Speaking of logic, some gems of reality can be gleaned from Philadelphia's experience with Big Bellies.  On the surface, the City of Brotherly Love is in love with these high-priced trash bins, but an internal report by the city's controller found numerous problems with their expensive toys.  Among other things, city crews, being on a schedule, went around on regular routes throughout the city collecting the trash from these units, whether the solar-powered sensor was telling them the unit was full or not.  Oops - no savings on either human resources costs or environmental footprints there.

The bins also collected bits and pieces of trash, sticky residue, and other detritus, which requires them to be cleaned out - by hand - on a fairly frequent basis.  Their solar screens get damaged easily, the solar-powered indicator showing the unit's available capacity frequently malfunctions, and Big Belly's corporate folks have no proof that the 10-year life expectancy they claim for their product is realistic.

Indeed, sitting out on a city sidewalk in all weather, exposed to whatever vandalism urban furniture has to endure, having to consume whatever the public puts into it - whether it was designed for that waste or not, being as unreliable as Philadelphia has determined them to be, and being vulnerable to significant damage by wayward cars, Big Belly cans hardly seem more cost-efficient than the basic wire trash receptacles most pedestrians have to use, and for which taxpayers have to pay.

And even if the Big Belly technology worked flawlessly, and their construction was foolproof, there's still absolutely nothing that helps it pick up more trash!  Nothing about the Big Bellies will encourage more people to use them.  Company officials want their customers to think that pedestrians will be so enamored and awe-struck by these computerized trash cans that they'll want to throw everything they can into them.  But frankly, if a slob isn't going to throw their trash into a $100 wire basket, they're not going to pull a handle and insert their trash into the chute of a Big Belly can.

Ah, yes - those handles.  Each Big Belly is self-contained, with a chute you pull open so you can deposit your trash into the container.  But as the Philadelphia controller's report shows, that handle itself may not be something somebody needing to discard trash may want to touch.

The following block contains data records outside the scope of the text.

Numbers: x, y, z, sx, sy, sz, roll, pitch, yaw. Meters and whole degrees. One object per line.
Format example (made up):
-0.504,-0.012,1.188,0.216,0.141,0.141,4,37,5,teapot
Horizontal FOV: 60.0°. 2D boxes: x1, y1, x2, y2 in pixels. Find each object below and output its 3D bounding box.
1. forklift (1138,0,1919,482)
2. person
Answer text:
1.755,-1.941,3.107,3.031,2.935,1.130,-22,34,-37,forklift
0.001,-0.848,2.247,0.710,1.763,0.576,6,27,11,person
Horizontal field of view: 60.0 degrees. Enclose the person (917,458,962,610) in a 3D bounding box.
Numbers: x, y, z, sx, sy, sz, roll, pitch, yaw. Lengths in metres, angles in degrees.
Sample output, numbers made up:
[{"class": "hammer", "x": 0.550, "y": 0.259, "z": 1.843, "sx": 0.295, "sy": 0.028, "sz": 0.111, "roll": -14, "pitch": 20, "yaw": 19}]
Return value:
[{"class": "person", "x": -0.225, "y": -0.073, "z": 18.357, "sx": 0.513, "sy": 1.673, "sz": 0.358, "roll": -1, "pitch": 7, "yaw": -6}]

Still, there are suckers born every minute, and the guys who invented the Big Belly in 2003 have been able to build a thriving business selling $4,000 garbage cans to them.  Big Bellies can now be found in nearly every state, and thirty countries around the world, with much of their business coming from existing customers who want to expand their use of the well-marketed trash cans.

Fortunately for us taxpayers, we're not having to pay for all of them.  The city of Cincinnati, for example, has a wealthy environmentalist who's paying for theirs, and Boston has inked a deal with an outdoor advertising company who wants to use the sizable dimensions of each Big Belly to sell promotional space.

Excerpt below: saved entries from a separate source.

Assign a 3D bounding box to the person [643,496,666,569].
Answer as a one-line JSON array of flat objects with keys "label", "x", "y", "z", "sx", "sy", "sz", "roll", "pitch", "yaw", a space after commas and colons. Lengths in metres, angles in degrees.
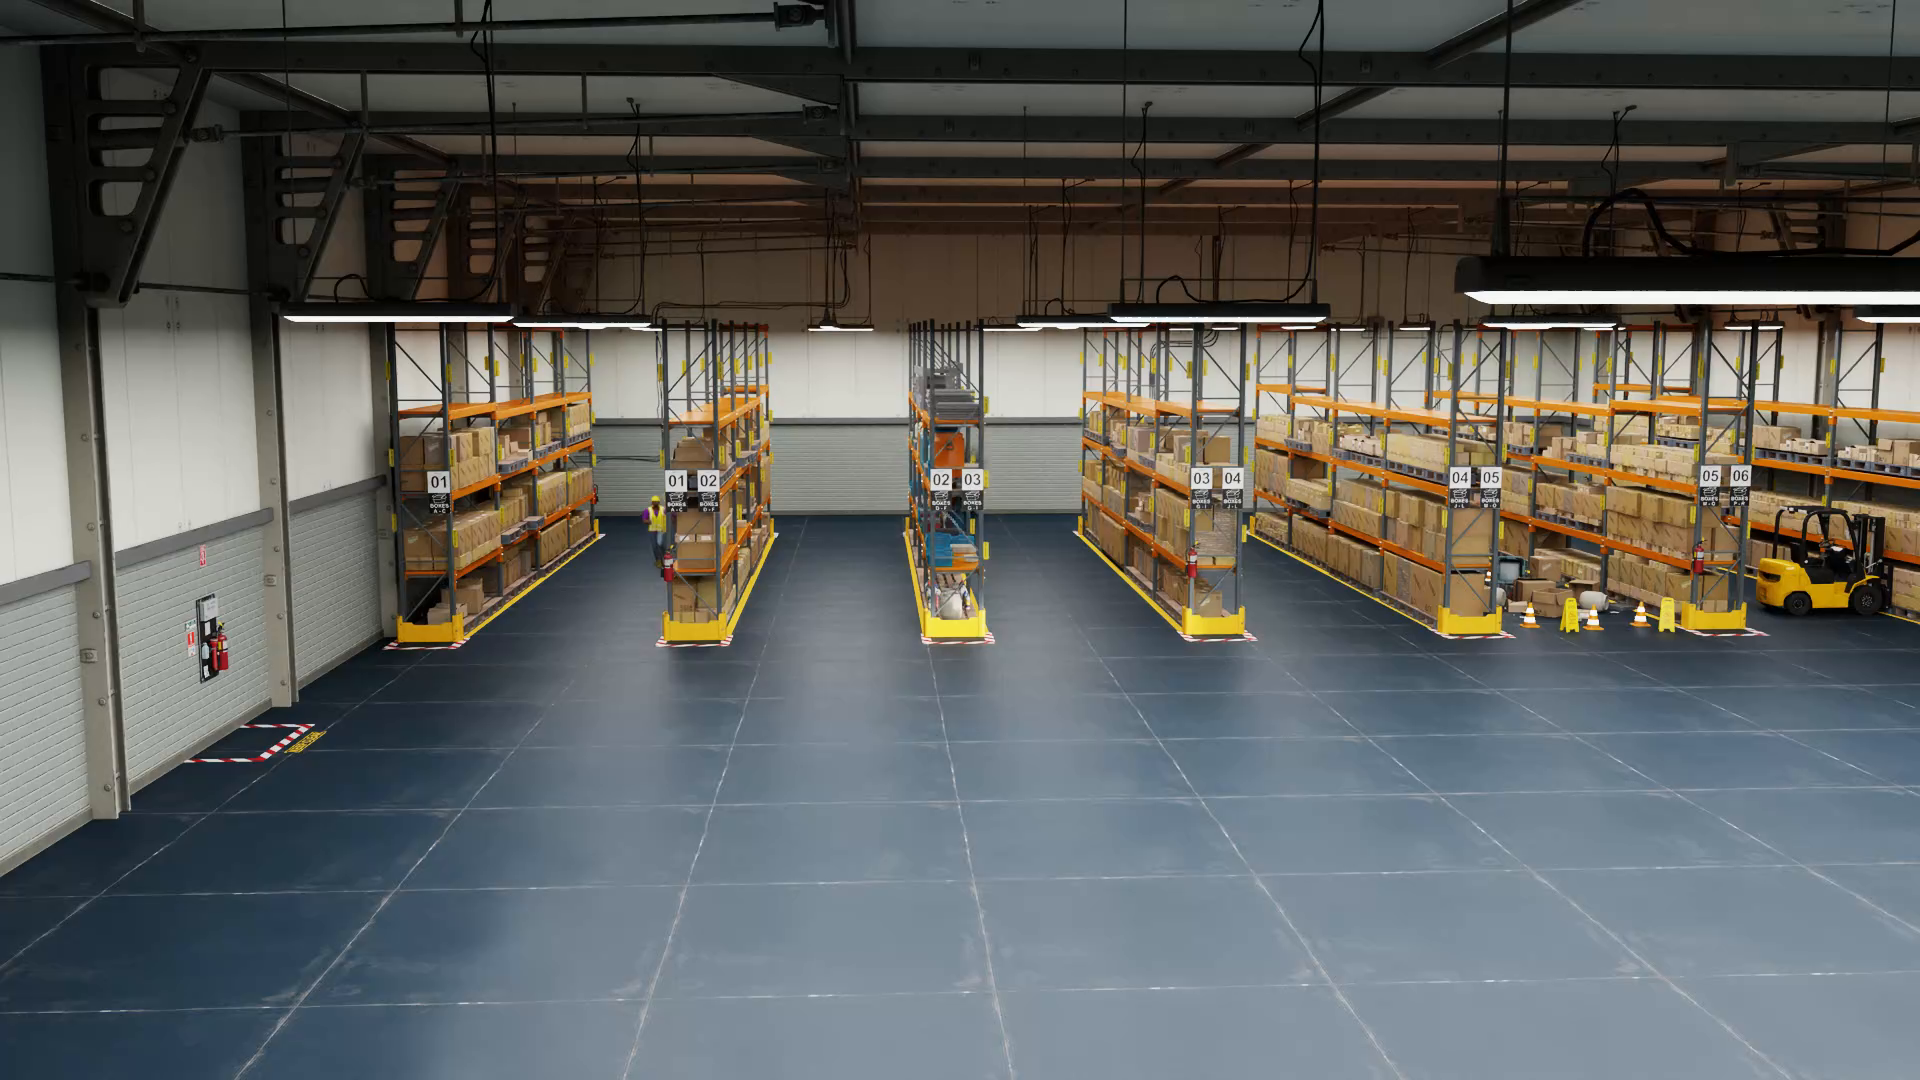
[{"label": "person", "x": -7.444, "y": -0.187, "z": 40.832, "sx": 0.658, "sy": 1.811, "sz": 0.833, "roll": 0, "pitch": 7, "yaw": 0}]
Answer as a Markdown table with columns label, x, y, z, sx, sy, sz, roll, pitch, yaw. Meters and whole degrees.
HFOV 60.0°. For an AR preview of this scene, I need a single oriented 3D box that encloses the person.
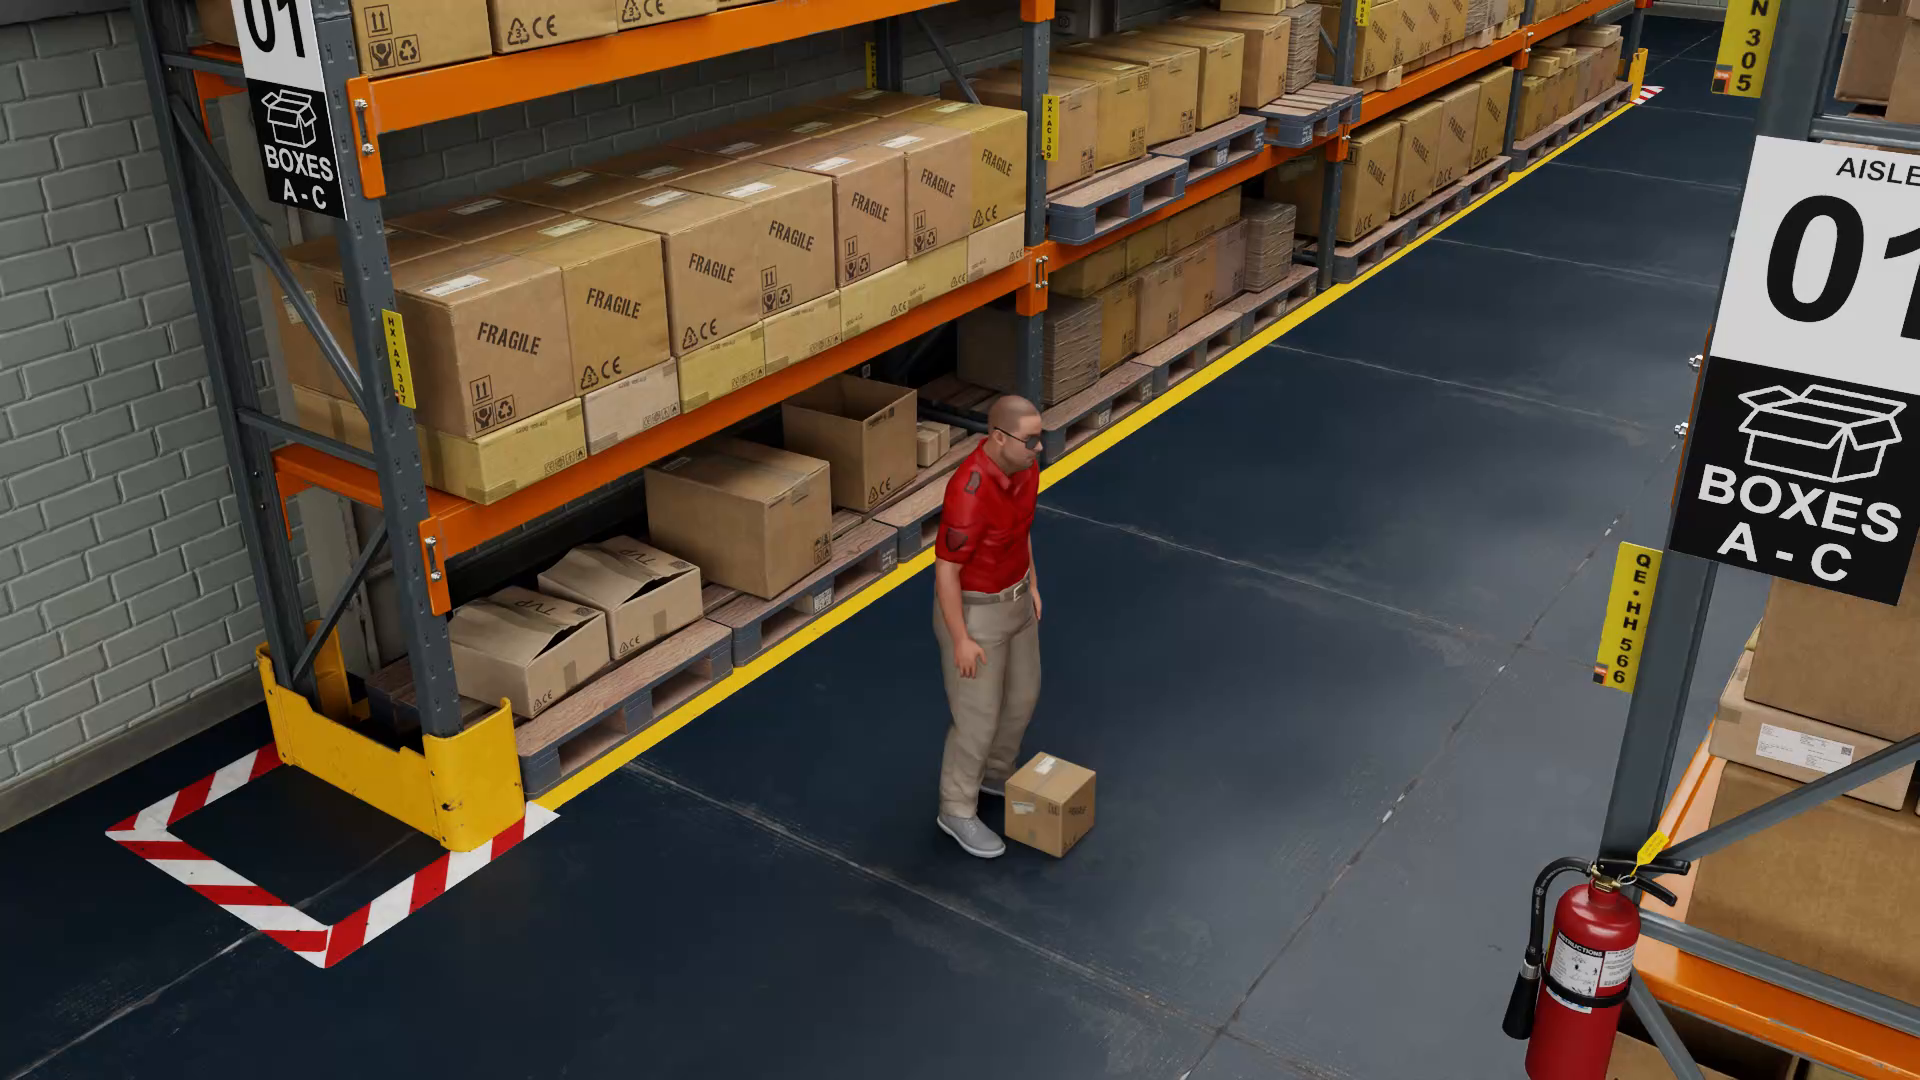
| label | x | y | z | sx | sy | sz | roll | pitch | yaw |
| --- | --- | --- | --- | --- | --- | --- | --- | --- | --- |
| person | 0.125 | 0.277 | 6.084 | 0.388 | 1.725 | 0.584 | 16 | 31 | 28 |

And it's not like there's no benefit for concealing a city's trash inside a big, solar-powered receptacle.  New York City ran a study and determined that Big Bellies are rat-proof, which is music to the ears of anybody who's walked down a dark sidewalk at night and heard spooky rustling noises coming out of those wire garbage cans.

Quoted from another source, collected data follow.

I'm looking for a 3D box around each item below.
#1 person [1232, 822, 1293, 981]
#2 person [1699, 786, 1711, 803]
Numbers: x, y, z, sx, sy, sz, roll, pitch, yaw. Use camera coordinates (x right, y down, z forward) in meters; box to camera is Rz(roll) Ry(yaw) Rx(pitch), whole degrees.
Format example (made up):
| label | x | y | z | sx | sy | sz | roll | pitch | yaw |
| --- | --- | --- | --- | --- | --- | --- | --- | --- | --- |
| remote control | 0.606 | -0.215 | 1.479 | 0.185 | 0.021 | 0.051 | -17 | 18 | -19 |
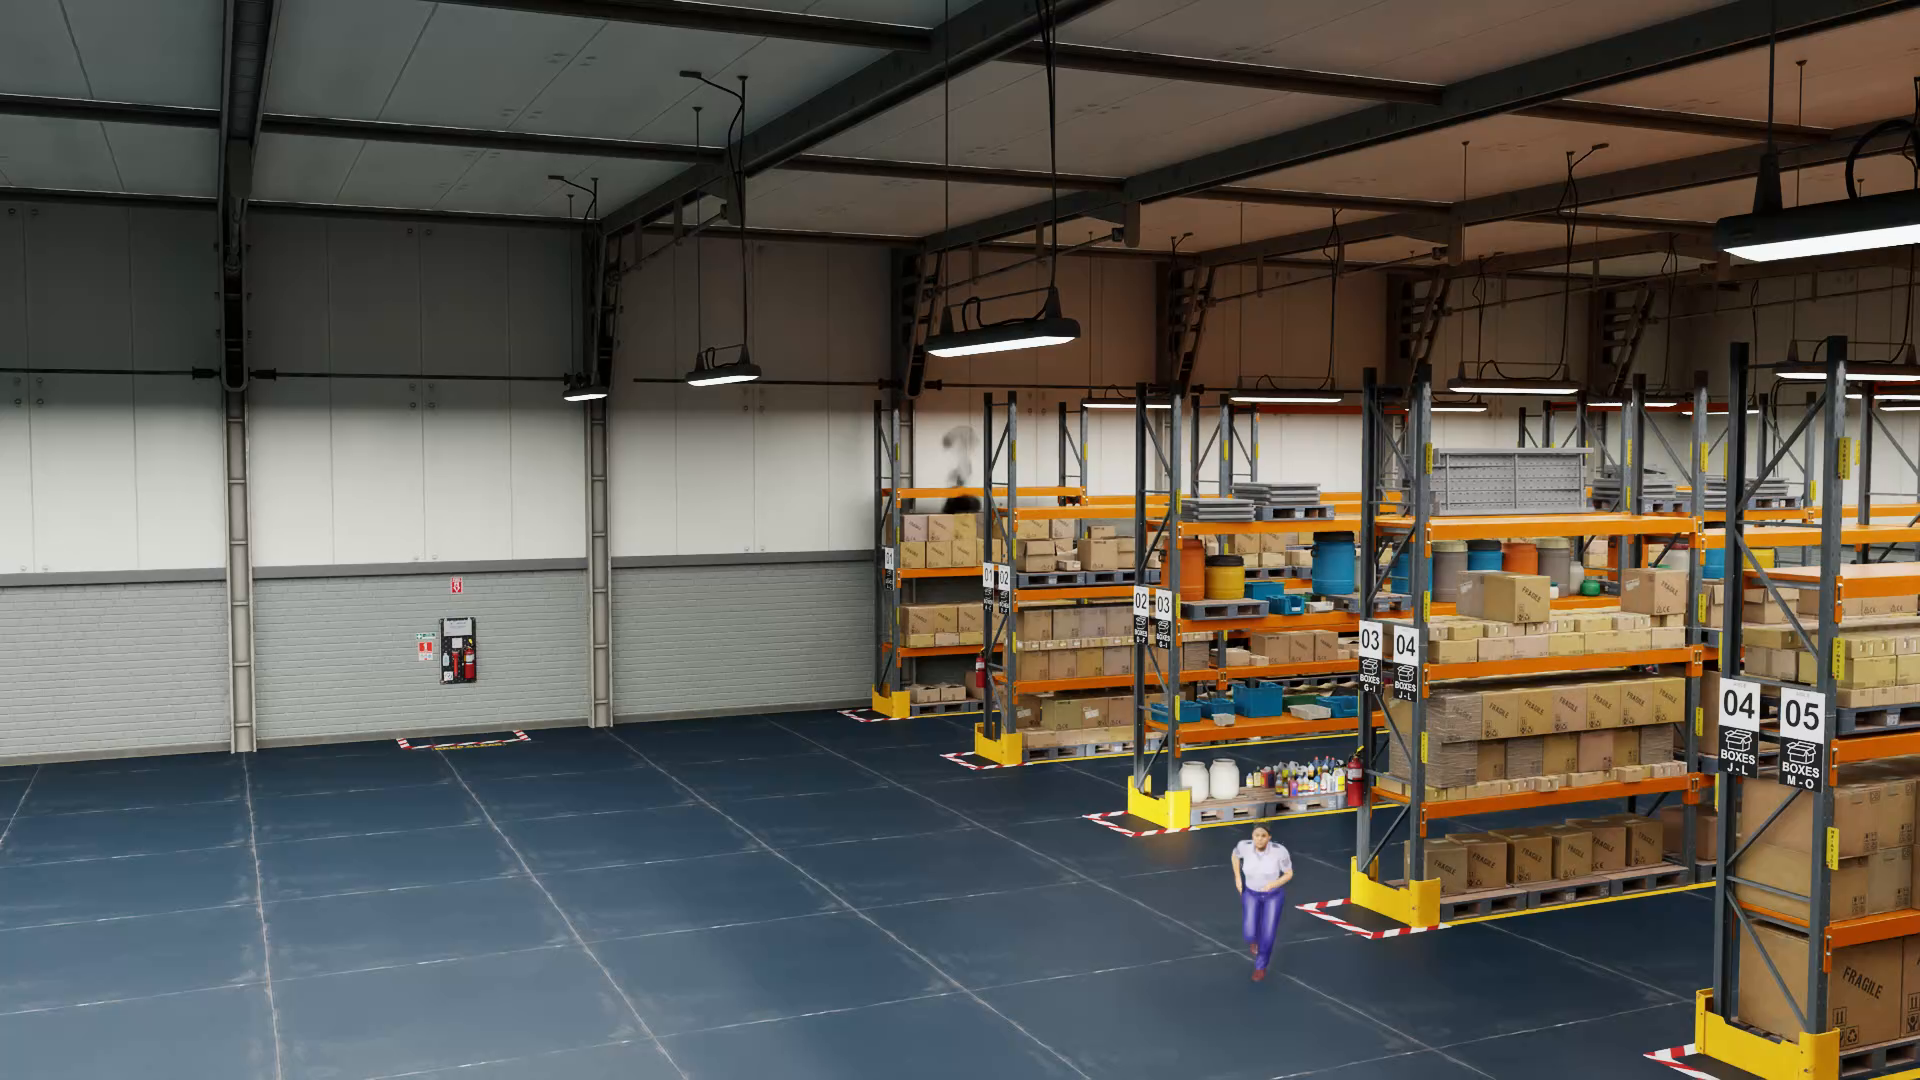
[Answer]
| label | x | y | z | sx | sy | sz | roll | pitch | yaw |
| --- | --- | --- | --- | --- | --- | --- | --- | --- | --- |
| person | 2.896 | 3.464 | 15.990 | 0.594 | 1.583 | 0.683 | 1 | 3 | 14 |
| person | 10.503 | 2.953 | 23.566 | 0.629 | 1.697 | 0.649 | -2 | 4 | -30 |

But four thousand dollars apiece?

Kinda puts a new spin on "disposable income," doesn't it?
_____

* Update:  The 200 extra Big Belly cans for Syracuse may be purchased with funds New York State collects from power generation companies.  The state penalizes companies a dollar amount based on their greenhouse gas emissions, and money from the fund those penalties generate could be used to pay for the pricey trash cans.  So we federal taxpayers may be off the hook there - unless you pay a utility bill in New York State.